Encouraging Creativity in Children

I once read a study (sorry I couldn’t find the link) that had 2 groups of early elementary children. One group was put in a classroom with a table full of art supplies in the center. No instruction or encouragement was given regarding the supplies.

The other group was shown the supplies and a teacher was posted nearby to encourage students to use the supplies and commend them on their creations.

Guess which group used the supplies more readily, more enthusiastically, and more creatively?

The group that was not monitored or encouraged.

The conclusion of the study was that when children fear being judged, they will not venture to be creative.

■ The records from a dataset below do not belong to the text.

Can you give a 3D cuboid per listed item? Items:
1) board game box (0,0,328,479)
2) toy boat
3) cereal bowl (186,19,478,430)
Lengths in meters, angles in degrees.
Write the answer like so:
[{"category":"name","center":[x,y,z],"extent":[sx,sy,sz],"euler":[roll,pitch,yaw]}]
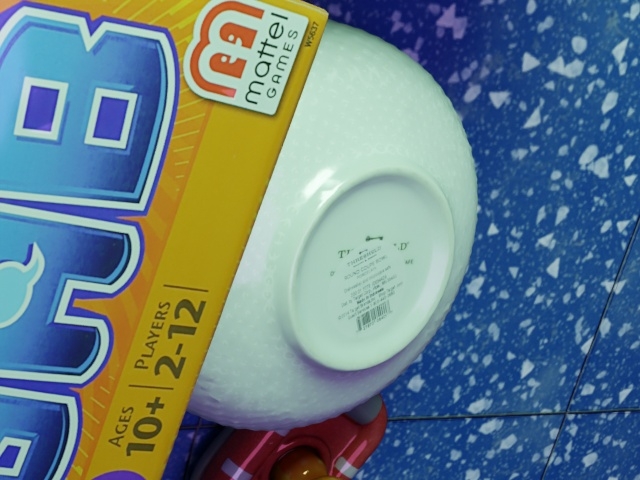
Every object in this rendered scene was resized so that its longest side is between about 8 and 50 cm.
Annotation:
[{"category":"board game box","center":[-0.279,-0.051,0.635],"extent":[0.356,0.356,0.356],"euler":[10,107,-35]},{"category":"toy boat","center":[-0.017,0.235,1.069],"extent":[0.231,0.151,0.151],"euler":[-51,128,1]},{"category":"cereal bowl","center":[0.000,0.000,0.852],"extent":[0.339,0.141,0.339],"euler":[-15,115,-35]}]
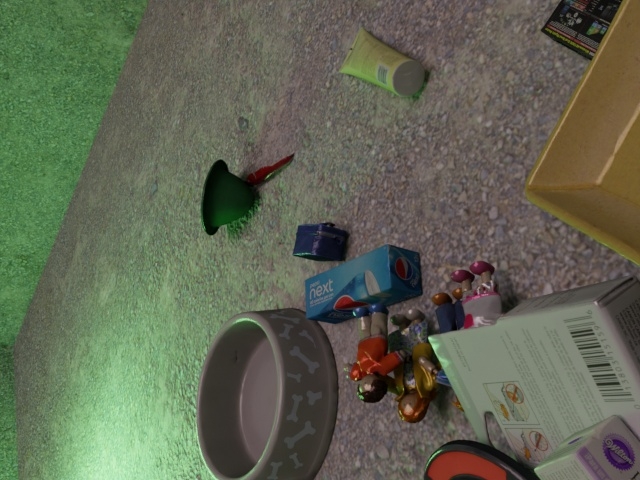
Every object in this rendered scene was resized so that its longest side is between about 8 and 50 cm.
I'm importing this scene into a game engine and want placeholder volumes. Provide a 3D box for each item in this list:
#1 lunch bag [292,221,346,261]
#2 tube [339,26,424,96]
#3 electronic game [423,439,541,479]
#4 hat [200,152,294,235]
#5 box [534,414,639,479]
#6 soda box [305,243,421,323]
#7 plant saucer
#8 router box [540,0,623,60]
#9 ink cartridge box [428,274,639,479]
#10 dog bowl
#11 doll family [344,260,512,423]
[{"bbox_3d":[0.000,0.000,1.121,0.098,0.067,0.065,-3,76,53],"label":"lunch bag"},{"bbox_3d":[0.101,-0.313,1.110,0.070,0.062,0.240,-28,34,-9],"label":"tube"},{"bbox_3d":[0.197,0.321,0.675,0.229,0.048,0.229,35,136,42],"label":"electronic game"},{"bbox_3d":[-0.153,-0.087,1.406,0.208,0.183,0.173,76,-156,-73],"label":"hat"},{"bbox_3d":[0.301,0.290,0.477,0.324,0.063,0.067,53,148,19],"label":"box"},{"bbox_3d":[0.062,0.074,1.009,0.210,0.067,0.071,-27,57,48],"label":"soda box"},{"bbox_3d":[0.368,-0.127,0.566,0.333,0.081,0.333,-65,21,15],"label":"plant saucer"},{"bbox_3d":[0.341,-0.269,0.768,0.092,0.038,0.122,-58,38,23],"label":"router box"},{"bbox_3d":[0.249,0.187,0.606,0.275,0.060,0.239,64,152,2],"label":"ink cartridge box"},{"bbox_3d":[-0.115,0.287,1.151,0.348,0.102,0.349,-22,61,49],"label":"dog bowl"},{"bbox_3d":[0.159,0.151,0.828,0.263,0.118,0.163,-27,46,32],"label":"doll family"}]
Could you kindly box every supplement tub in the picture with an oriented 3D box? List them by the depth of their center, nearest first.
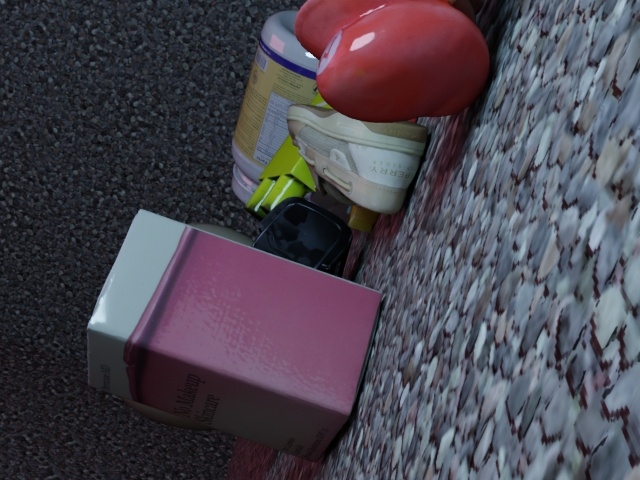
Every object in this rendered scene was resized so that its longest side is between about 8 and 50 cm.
[{"bbox_3d":[-0.026,-0.223,1.708,0.241,0.241,0.331,-77,5,-61],"label":"supplement tub"}]

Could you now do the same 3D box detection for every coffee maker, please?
[{"bbox_3d":[-0.027,0.031,1.175,0.178,0.120,0.171,101,-178,-52],"label":"coffee maker"}]

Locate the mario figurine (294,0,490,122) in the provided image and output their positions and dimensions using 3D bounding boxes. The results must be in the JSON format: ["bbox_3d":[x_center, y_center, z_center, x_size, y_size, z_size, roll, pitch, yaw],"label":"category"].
[{"bbox_3d":[0.062,-0.229,0.710,0.320,0.170,0.198,-65,-36,-31],"label":"mario figurine"}]

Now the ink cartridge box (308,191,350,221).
[{"bbox_3d":[0.053,-0.157,1.427,0.134,0.078,0.231,125,163,-78],"label":"ink cartridge box"}]

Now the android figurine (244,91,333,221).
[{"bbox_3d":[0.003,-0.139,1.256,0.273,0.056,0.248,-55,15,-12],"label":"android figurine"}]

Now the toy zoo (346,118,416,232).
[{"bbox_3d":[0.088,-0.142,1.145,0.192,0.030,0.293,-76,5,-55],"label":"toy zoo"}]

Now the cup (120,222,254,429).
[{"bbox_3d":[-0.143,0.145,1.411,0.237,0.331,0.331,10,80,60],"label":"cup"}]

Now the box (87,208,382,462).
[{"bbox_3d":[-0.081,0.091,0.852,0.148,0.232,0.127,112,176,-59],"label":"box"}]

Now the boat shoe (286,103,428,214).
[{"bbox_3d":[0.025,-0.087,0.993,0.302,0.109,0.098,-150,70,-71],"label":"boat shoe"}]
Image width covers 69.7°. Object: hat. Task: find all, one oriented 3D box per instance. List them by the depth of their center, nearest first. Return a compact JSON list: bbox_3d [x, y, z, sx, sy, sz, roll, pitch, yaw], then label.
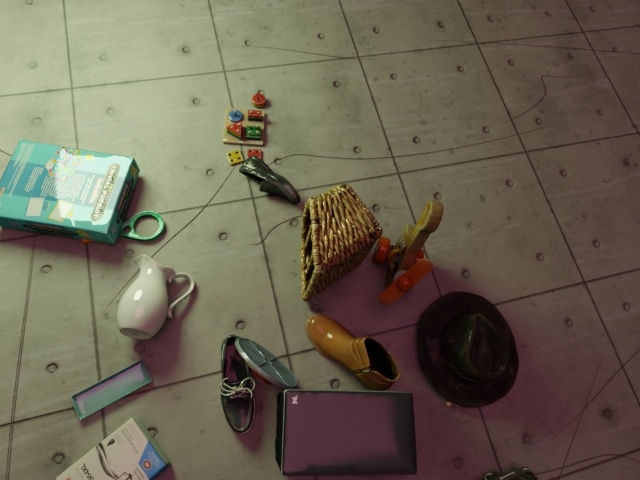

Have you ever been to craft time at your local library and seen that one mom who insists that her child’s pumpkin be colored just so? and the hat be placed on the scarecrow at just the right angle?

I always think of the 2 groups of children when I encounter that mom. I wonder if she realizes she is stifling her child’s creativity and I wonder what that child might come up with without her  well-meaning, but misguided encouragement.

Here are a few samples of the things my children came up with completely on their own, during their free time in the last week or two.

My 10 year old apparently felt like Barbie and her friends weren’t dressed modestly, so she gave them some new clothes.

Mind you, I never said, “Here is some yarn. What can you make from it?” She simply saw a need and made use of available supplies.

Here is my 5 year old “listening to Thriller on her iPod”. She came up with this completely on her own.

Here is the 1 year old “helping” to fold clothes.

“Look, Mommy! It’s a hat!” (Yes, I know she’s still messy from lunch. That’s how creative types roll.)

Creativity starts young.

Don’t stifle it.

How do your children express their creativity?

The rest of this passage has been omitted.